The project leverages multiple Machine Learning and Deep Learning techniques to identify noise categories with 86% accuracy. The project uses Deep Convolutional Network to understand and classify audio data. By leveraging this project, one can identify the noise sources in the city. This project can be extended to real-time identification by placing noise sensing devices across the city and that data can be leveraged to re-position appropriate officials to minimize noise pollution.
Leveraging custom Deep Residual Convolutional Networks under 5M parameters to classify images into 10 categories.

Technologies: Python, PyTorch, Convolutional Neural Network (CNN), ResNet50, Fine-tuning
Conventional Deep Neural Networks have multiple layers. After a certain depth, the model starts suffering from issues like vanishing / exploding gradients, overfitting, etc. By leveraging Residual Connections / skip Connections, we can create deeper networks without overfitting. Additionally, the improved gradient flow and regularization also aids with the cause.
The project uses a Deep Residual Convolutional Neural Network for identiying 10 types of RGB images. The images were RGB and of low resolution of 32x32 pixels. And on top of it, we did not use any pre-trained weights like of the imagenet dataset. We employed multiple data augmentation and feature enhancing transformations on the image. The model has around 4.7M parameters. The model is good balance between deep and shallow networks. So, it performs better on new images while still remembering the training images. Dropouts and L2 regularization also helps with the overfitting issue. The model has an accuracy of 81%.
Training Generative Adversarial Network (GAN) to generate images of clothes.

Technologies: Python, PyTorch, Convolutional Generative Adversarial Networks
Generative Adversarial Networks is a result of two different models trying to outperform each other. GANs create images from random noise provided to them. The Generator tries to outperform the Discriminator and the Discriminator tries to outperform Generator.

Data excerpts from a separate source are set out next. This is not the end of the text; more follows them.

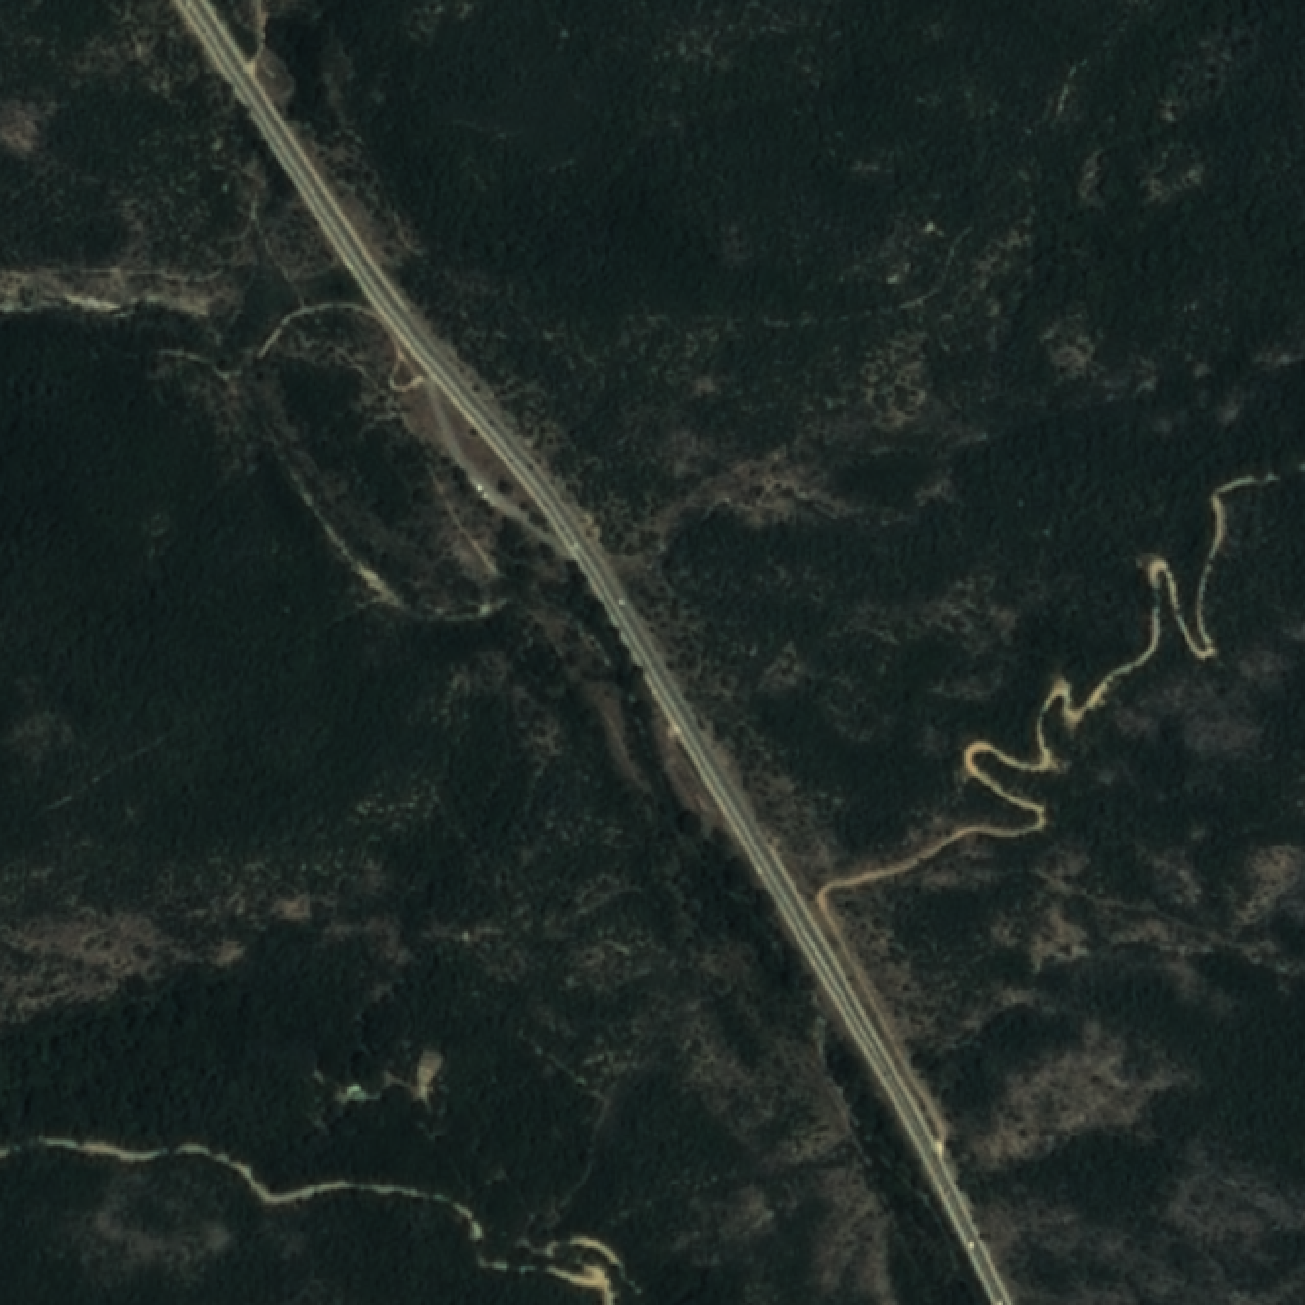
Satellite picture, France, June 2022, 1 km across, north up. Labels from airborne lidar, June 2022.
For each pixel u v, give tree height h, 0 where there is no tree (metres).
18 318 9
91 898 9
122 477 7
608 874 8
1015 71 6
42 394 19
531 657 9
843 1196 0
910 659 8
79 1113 16
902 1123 0
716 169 7
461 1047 12
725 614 7
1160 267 6
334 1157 10
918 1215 11
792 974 16
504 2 6
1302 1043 9
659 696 0
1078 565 8
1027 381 8
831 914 0
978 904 8
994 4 9
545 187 6
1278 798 9
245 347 7
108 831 9
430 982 11
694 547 5
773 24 8
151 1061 14
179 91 7
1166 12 7
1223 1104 9
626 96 7
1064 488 9
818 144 6
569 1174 11
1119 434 7
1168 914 7
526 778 11
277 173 9
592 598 7
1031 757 8
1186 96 10
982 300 7
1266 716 8
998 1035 9
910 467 5
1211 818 6
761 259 7
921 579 9
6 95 7
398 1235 6
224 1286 10
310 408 6
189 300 0
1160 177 8
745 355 8
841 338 6
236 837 8
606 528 7
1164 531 10
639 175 11
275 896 10
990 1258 0
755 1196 0
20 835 8
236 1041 8
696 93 9
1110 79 7
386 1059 7
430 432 0
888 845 9
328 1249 9
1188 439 6
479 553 0
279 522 7
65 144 8
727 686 10
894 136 6
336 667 10
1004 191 8
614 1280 7
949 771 7
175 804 6
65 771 7
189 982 12
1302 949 6
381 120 7
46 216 8
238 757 8
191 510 8
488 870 9
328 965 8
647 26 6
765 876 0
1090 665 9
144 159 6
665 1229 6
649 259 8
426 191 6
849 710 7
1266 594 7
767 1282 7
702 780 0
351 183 6
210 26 0
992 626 8
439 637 9
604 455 10
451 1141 13
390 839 7
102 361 11
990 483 8
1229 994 7
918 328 9
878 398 9
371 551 9
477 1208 10
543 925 7
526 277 7
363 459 5
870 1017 0
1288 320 7
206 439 7
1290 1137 6
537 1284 11
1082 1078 0
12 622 10
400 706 9
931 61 6
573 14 6
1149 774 5
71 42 6
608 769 8
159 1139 12
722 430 6
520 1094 9
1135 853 9
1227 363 8
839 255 9
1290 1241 6
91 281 0
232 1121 10
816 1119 7
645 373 8
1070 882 10
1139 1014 10
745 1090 0
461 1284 8
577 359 9
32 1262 9
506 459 0
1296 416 7
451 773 9
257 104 0
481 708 8
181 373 5
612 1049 9
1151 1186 6
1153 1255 6
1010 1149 0
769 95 10
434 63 8
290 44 10
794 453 7
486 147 7
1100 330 8
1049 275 11
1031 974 7
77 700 10
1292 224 8
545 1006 7
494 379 7
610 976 6
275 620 7
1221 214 12
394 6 8
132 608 6
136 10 8
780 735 7
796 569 7
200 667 7
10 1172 6
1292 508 7
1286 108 8
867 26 8
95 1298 6
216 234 6
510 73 9
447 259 6
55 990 10
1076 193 8
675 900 7
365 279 0
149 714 11
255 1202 6
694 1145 6
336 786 8
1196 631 5
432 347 0
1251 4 12
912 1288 8
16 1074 14
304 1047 10
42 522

To train GANs, it is imperative that GANs reach a Saddle point. The Saddle point provides an equilibrium between Discriminator and Generator.
The project uses a deep convolutional generative adversarial network. It has 2 convolutional layers and uses activation functions like LeakyRelu and Tanh. By observing the training progress of the GAN, the losses of Generator and Discriminator converges smoothly. This indicates that the model has found the saddle point.